» **Data for this task**:
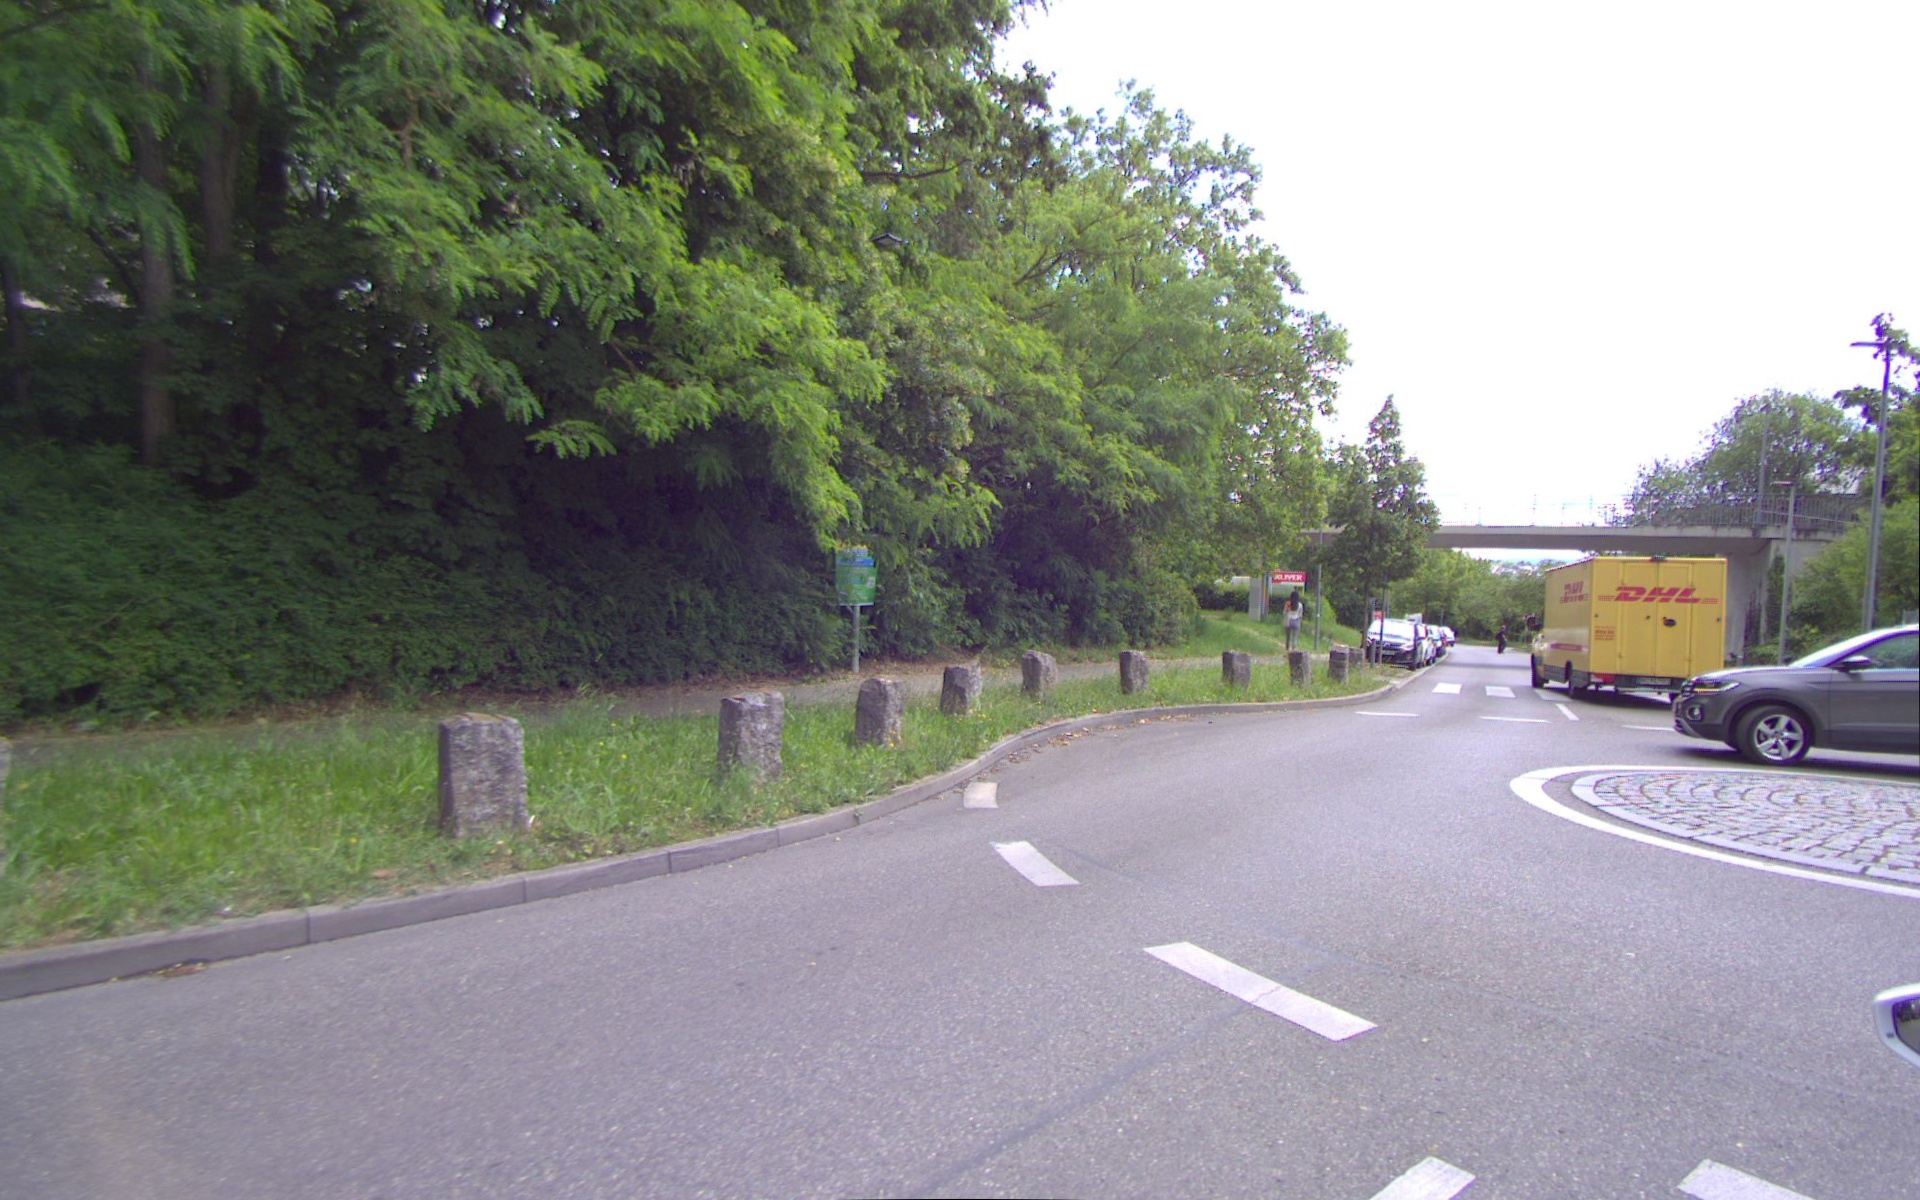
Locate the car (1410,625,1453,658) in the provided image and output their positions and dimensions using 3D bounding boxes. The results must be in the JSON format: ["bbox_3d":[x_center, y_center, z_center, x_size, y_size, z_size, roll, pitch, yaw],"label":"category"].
[{"bbox_3d":[24.262,2.117,51.788,1.855,1.529,4.449,3,0,24],"label":"car"}]

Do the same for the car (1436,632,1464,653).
[{"bbox_3d":[41.043,3.547,84.183,1.855,1.529,4.449,3,0,24],"label":"car"}]

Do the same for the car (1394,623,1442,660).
[{"bbox_3d":[21.286,1.901,46.739,1.855,1.529,4.449,3,0,24],"label":"car"}]

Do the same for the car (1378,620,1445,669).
[{"bbox_3d":[16.149,1.546,35.847,1.856,1.479,3.540,3,1,29],"label":"car"}]

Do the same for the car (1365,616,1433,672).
[{"bbox_3d":[13.845,1.321,31.576,1.758,1.487,3.996,3,1,25],"label":"car"}]

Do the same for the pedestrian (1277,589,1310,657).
[{"bbox_3d":[8.983,0.608,27.029,0.725,1.745,0.659,3,1,22],"label":"pedestrian"}]

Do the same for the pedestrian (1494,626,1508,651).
[{"bbox_3d":[35.344,2.501,65.647,0.706,1.561,0.554,3,2,27],"label":"pedestrian"}]

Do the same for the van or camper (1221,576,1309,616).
[{"bbox_3d":[18.386,-0.255,60.500,4.777,2.114,1.999,3,1,23],"label":"van or camper"}]

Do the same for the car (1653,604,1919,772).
[{"bbox_3d":[9.946,0.924,10.852,3.940,1.639,1.718,1,-1,33],"label":"car"}]

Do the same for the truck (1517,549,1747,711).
[{"bbox_3d":[13.653,0.563,21.032,2.426,2.738,6.823,3,0,21],"label":"truck"}]
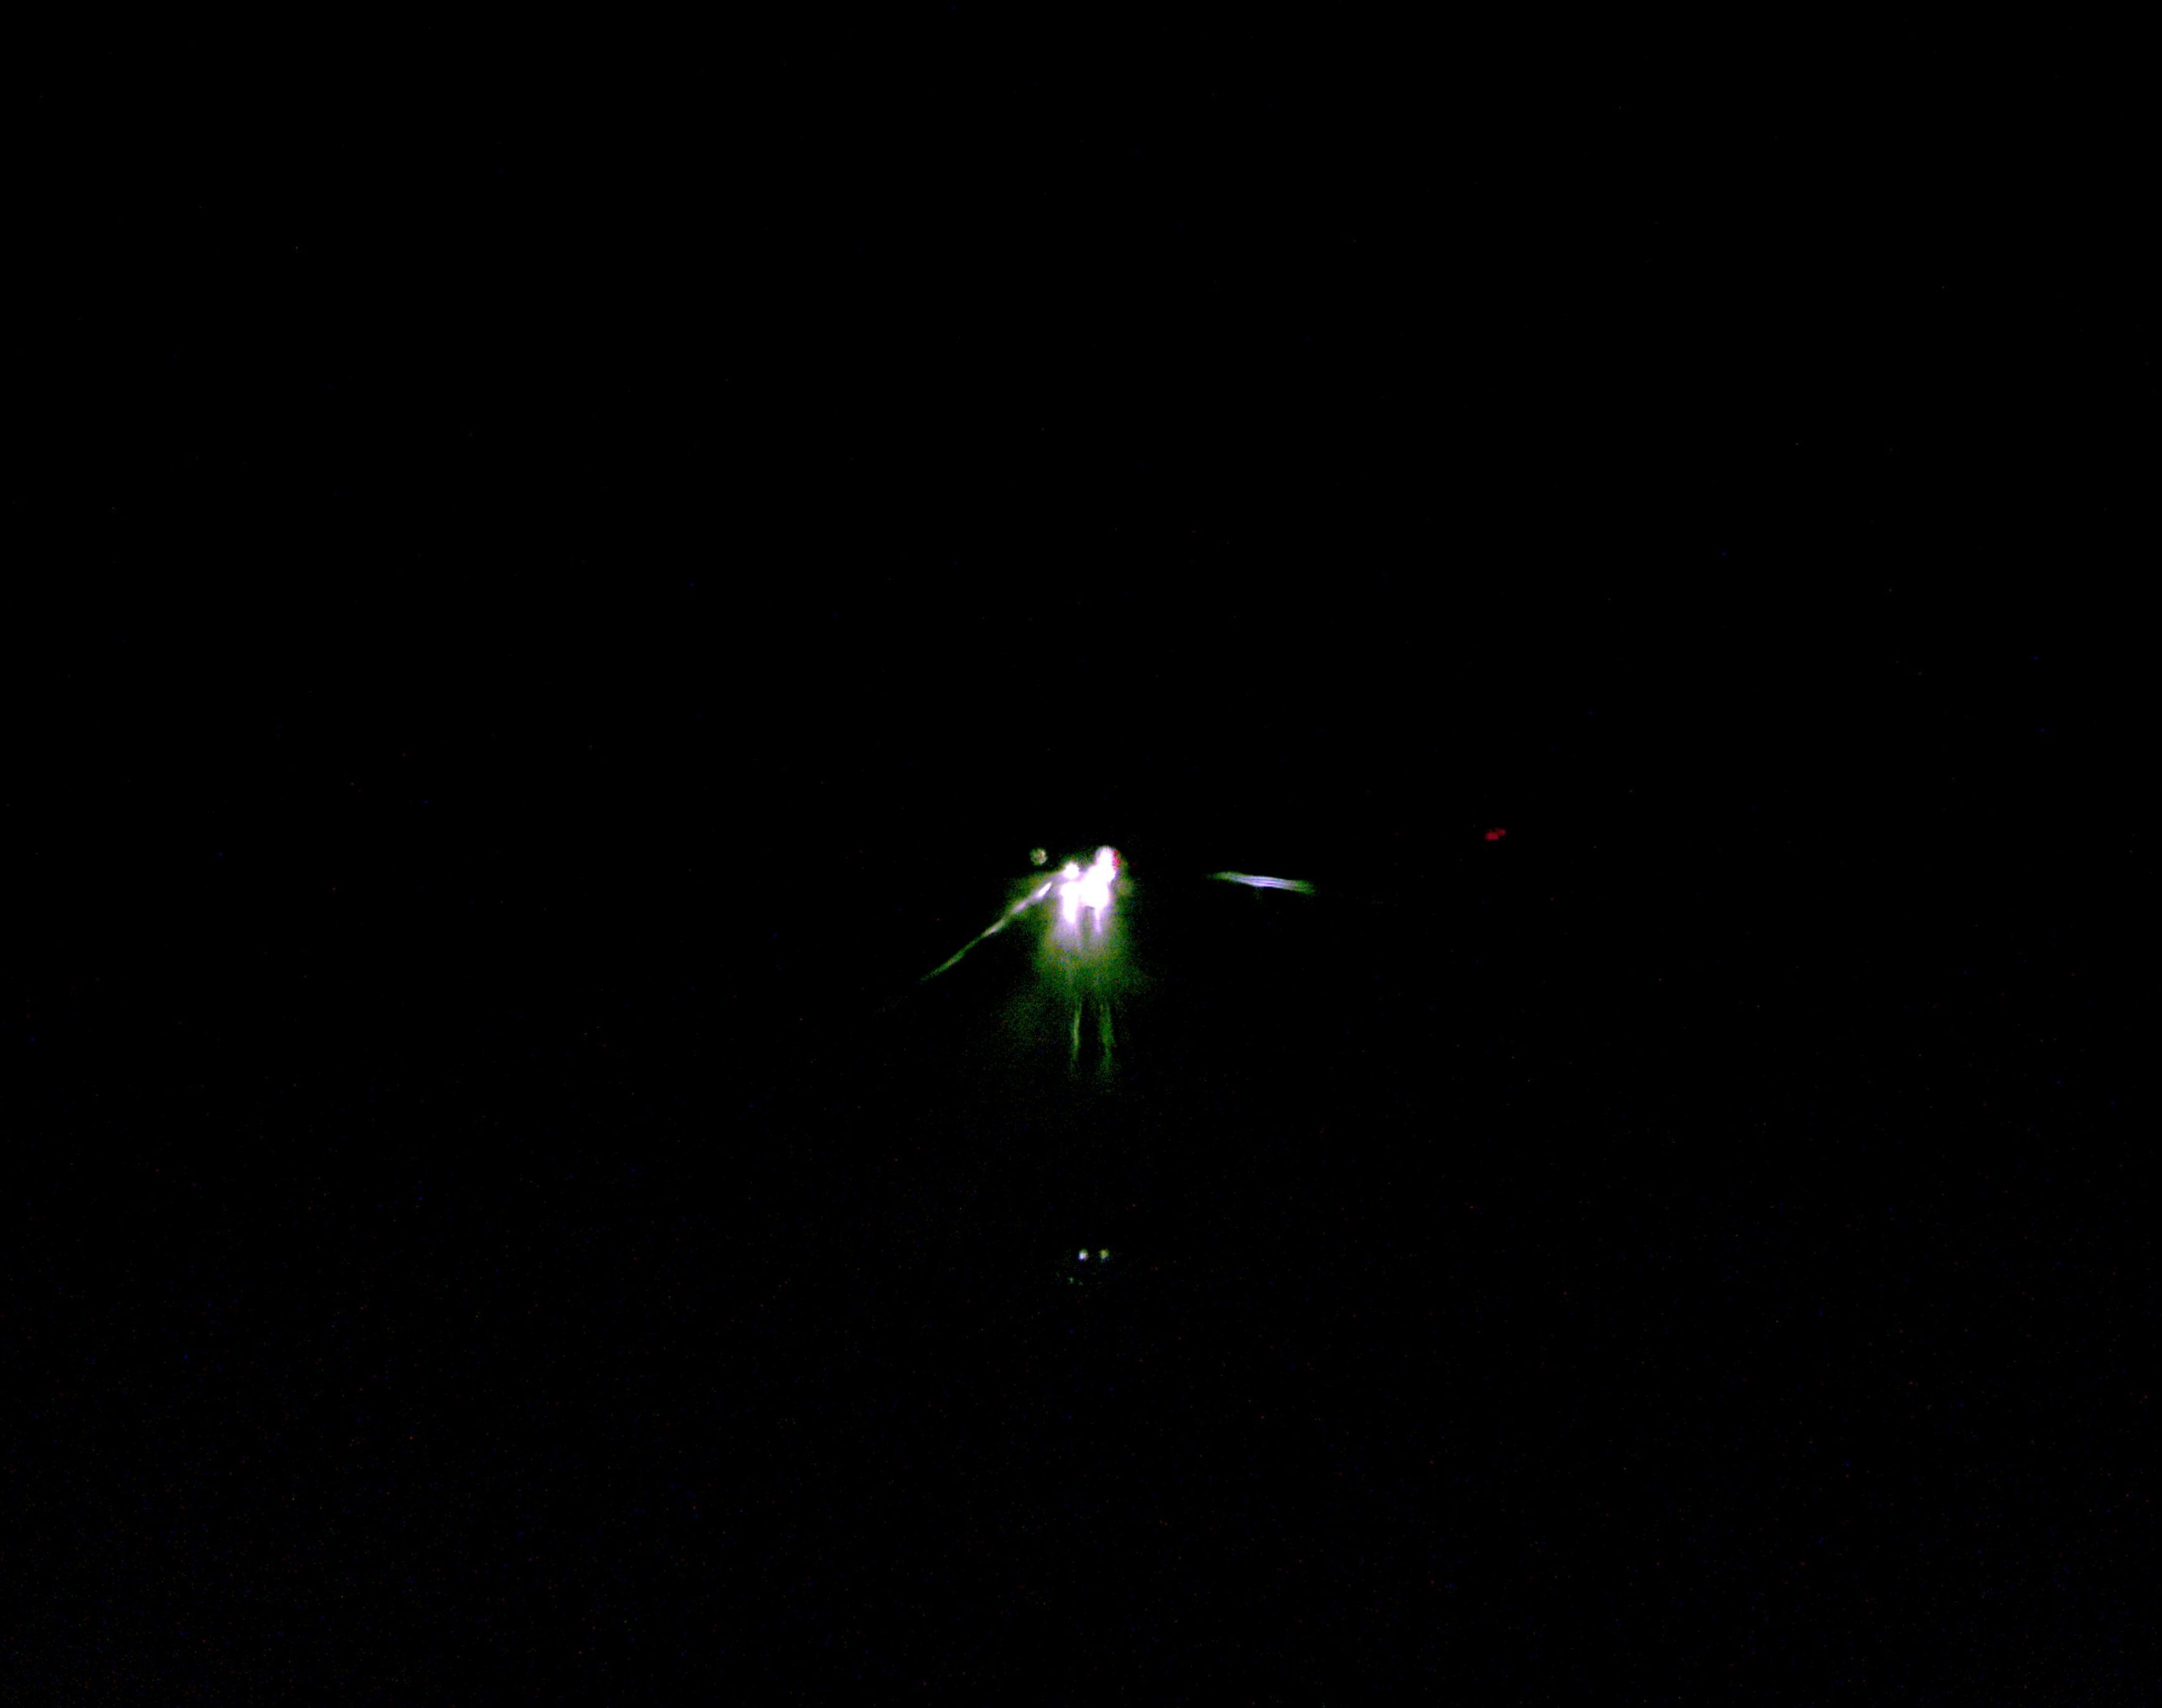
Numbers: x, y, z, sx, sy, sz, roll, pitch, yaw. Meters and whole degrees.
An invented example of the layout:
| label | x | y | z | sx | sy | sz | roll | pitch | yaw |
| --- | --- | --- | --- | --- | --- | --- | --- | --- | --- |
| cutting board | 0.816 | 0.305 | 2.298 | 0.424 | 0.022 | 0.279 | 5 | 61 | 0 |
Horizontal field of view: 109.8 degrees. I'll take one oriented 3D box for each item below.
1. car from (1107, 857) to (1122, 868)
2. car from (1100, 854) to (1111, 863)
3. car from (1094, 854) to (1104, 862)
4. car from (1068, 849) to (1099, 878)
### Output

» **Exercise aim**: Are you able to set down all the lines above exactly, without any pictures?

» **Answer to this problem**:
Locate the car (1410,625,1453,658) in the provided image and output their positions and dimensions using 3D bounding boxes. The results must be in the JSON format: ["bbox_3d":[x_center, y_center, z_center, x_size, y_size, z_size, roll, pitch, yaw],"label":"category"].
[{"bbox_3d":[24.262,2.117,51.788,1.855,1.529,4.449,3,0,24],"label":"car"}]

Do the same for the car (1436,632,1464,653).
[{"bbox_3d":[41.043,3.547,84.183,1.855,1.529,4.449,3,0,24],"label":"car"}]

Do the same for the car (1394,623,1442,660).
[{"bbox_3d":[21.286,1.901,46.739,1.855,1.529,4.449,3,0,24],"label":"car"}]

Do the same for the car (1378,620,1445,669).
[{"bbox_3d":[16.149,1.546,35.847,1.856,1.479,3.540,3,1,29],"label":"car"}]

Do the same for the car (1365,616,1433,672).
[{"bbox_3d":[13.845,1.321,31.576,1.758,1.487,3.996,3,1,25],"label":"car"}]

Do the same for the pedestrian (1277,589,1310,657).
[{"bbox_3d":[8.983,0.608,27.029,0.725,1.745,0.659,3,1,22],"label":"pedestrian"}]

Do the same for the pedestrian (1494,626,1508,651).
[{"bbox_3d":[35.344,2.501,65.647,0.706,1.561,0.554,3,2,27],"label":"pedestrian"}]

Do the same for the van or camper (1221,576,1309,616).
[{"bbox_3d":[18.386,-0.255,60.500,4.777,2.114,1.999,3,1,23],"label":"van or camper"}]

Do the same for the car (1653,604,1919,772).
[{"bbox_3d":[9.946,0.924,10.852,3.940,1.639,1.718,1,-1,33],"label":"car"}]

Do the same for the truck (1517,549,1747,711).
[{"bbox_3d":[13.653,0.563,21.032,2.426,2.738,6.823,3,0,21],"label":"truck"}]
Numbers: x, y, z, sx, sy, sz, roll, pitch, yaw. Meters and whole degrees.
An invented example of the layout:
| label | x | y | z | sx | sy | sz | roll | pitch | yaw |
| --- | --- | --- | --- | --- | --- | --- | --- | --- | --- |
| cutting board | 0.816 | 0.305 | 2.298 | 0.424 | 0.022 | 0.279 | 5 | 61 | 0 |
Horizontal field of view: 109.8 degrees. I'll take one oriented 3D box for each item below.
1. car from (1107, 857) to (1122, 868)
2. car from (1100, 854) to (1111, 863)
3. car from (1094, 854) to (1104, 862)
4. car from (1068, 849) to (1099, 878)
### Output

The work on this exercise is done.